** Opening STORED DATA block **

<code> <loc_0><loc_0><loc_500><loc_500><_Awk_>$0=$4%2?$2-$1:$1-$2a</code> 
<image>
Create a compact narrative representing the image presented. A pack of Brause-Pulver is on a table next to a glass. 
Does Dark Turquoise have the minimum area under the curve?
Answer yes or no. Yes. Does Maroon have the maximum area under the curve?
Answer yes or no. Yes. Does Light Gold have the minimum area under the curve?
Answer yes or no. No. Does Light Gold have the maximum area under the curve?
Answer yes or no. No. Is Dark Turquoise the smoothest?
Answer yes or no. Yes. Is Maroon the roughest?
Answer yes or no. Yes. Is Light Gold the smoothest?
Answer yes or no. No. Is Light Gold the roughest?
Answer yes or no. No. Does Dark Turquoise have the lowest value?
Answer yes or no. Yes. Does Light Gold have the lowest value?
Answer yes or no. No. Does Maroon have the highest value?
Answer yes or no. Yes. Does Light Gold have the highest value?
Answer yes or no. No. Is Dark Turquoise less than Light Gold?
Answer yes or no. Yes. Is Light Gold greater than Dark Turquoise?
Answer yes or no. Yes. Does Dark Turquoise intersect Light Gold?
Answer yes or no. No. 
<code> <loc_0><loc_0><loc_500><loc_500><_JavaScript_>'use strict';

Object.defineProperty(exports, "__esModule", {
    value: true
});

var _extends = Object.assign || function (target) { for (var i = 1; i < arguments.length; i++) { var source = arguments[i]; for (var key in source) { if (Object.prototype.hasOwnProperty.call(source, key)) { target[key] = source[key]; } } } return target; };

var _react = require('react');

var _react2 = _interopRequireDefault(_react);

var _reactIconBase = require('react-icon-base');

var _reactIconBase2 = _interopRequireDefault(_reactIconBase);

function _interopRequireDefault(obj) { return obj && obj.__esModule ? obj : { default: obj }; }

** Closing STORED DATA block **

WHAT YOU HAVE TO DO »
Every line above that holds the string "minimum" should be copied out.

ANSWER SPACE »
Does Dark Turquoise have the minimum area under the curve?
Answer yes or no. Yes. Does Light Gold have the minimum area under the curve?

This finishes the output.